(Records contained in a dataset)
# # # # # # #

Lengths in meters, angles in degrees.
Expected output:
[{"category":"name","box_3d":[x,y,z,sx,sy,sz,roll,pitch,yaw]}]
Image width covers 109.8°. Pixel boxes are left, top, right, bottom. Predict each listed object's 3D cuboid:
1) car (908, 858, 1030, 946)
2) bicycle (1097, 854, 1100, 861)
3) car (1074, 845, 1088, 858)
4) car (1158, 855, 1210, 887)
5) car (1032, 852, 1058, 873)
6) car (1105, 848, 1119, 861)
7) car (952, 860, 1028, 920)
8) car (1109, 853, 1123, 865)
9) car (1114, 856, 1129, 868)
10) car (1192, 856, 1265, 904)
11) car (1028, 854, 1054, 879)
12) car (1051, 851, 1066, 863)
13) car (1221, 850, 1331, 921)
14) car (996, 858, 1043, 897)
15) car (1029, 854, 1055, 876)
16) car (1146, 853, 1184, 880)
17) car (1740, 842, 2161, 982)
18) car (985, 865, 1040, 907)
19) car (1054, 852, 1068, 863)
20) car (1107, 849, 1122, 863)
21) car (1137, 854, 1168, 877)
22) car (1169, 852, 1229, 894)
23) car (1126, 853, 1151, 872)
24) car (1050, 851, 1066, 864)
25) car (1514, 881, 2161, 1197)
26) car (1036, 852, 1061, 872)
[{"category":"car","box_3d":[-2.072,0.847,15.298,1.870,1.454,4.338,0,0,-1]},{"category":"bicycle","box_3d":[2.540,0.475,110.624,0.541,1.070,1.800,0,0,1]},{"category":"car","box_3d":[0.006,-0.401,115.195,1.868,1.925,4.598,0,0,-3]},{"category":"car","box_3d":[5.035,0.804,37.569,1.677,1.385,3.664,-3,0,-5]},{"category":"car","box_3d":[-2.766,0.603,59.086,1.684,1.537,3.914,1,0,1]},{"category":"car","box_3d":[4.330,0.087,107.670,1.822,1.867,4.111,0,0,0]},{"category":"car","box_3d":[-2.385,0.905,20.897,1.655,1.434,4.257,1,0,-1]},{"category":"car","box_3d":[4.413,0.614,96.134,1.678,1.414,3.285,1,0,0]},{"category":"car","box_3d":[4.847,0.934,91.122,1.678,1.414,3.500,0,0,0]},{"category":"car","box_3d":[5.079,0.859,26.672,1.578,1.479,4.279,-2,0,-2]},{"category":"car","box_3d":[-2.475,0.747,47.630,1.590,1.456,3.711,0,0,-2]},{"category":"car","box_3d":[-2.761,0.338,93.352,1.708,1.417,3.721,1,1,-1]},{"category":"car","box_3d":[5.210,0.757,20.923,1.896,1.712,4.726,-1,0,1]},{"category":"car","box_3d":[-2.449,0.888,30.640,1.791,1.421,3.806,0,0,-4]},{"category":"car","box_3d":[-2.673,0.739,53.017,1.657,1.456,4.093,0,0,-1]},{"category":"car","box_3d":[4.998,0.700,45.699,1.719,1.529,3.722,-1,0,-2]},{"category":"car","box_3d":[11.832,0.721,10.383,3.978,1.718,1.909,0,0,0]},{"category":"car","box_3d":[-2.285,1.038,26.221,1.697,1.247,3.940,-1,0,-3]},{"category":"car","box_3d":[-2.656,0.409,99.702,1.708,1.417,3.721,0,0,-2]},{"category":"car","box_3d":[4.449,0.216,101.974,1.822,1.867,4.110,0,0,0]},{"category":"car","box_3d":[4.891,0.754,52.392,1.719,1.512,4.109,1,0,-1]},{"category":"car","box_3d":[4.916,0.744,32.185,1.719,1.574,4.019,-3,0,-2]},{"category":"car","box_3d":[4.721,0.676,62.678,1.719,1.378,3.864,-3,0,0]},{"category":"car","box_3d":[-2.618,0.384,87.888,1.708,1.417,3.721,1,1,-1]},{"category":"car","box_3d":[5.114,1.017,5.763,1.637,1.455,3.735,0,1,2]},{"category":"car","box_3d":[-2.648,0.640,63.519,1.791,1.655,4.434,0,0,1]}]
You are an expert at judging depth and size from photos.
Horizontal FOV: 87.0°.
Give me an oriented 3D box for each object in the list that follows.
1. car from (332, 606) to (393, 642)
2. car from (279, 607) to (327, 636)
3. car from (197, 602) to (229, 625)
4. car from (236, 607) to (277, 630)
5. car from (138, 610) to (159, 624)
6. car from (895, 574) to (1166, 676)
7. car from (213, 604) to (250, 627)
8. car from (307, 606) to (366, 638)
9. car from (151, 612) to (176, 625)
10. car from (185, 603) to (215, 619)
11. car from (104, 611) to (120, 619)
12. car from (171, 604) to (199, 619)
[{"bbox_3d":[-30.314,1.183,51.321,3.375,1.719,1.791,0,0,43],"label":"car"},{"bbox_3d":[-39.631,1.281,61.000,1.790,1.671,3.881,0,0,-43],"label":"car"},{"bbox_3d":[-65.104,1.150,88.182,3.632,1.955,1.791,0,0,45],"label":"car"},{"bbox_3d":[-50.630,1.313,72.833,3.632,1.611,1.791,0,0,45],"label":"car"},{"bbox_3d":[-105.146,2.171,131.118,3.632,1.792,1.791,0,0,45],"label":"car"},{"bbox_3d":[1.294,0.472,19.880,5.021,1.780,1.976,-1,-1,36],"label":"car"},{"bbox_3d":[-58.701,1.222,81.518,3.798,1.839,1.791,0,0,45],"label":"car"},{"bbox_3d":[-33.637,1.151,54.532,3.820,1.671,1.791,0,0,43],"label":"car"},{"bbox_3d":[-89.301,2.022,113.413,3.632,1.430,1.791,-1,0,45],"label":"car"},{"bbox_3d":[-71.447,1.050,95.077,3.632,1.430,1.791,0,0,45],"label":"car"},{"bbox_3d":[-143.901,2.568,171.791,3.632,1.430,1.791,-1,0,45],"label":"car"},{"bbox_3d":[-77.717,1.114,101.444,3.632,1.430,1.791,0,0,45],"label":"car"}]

# # # # # # #

INSTRUCTIONS FOR THE TASK
Filter the records, keeping only lines that contain "each", and show those lines.

ANSWER SPACE
Image width covers 109.8°. Pixel boxes are left, top, right, bottom. Predict each listed object's 3D cuboid:
Give me an oriented 3D box for each object in the list that follows.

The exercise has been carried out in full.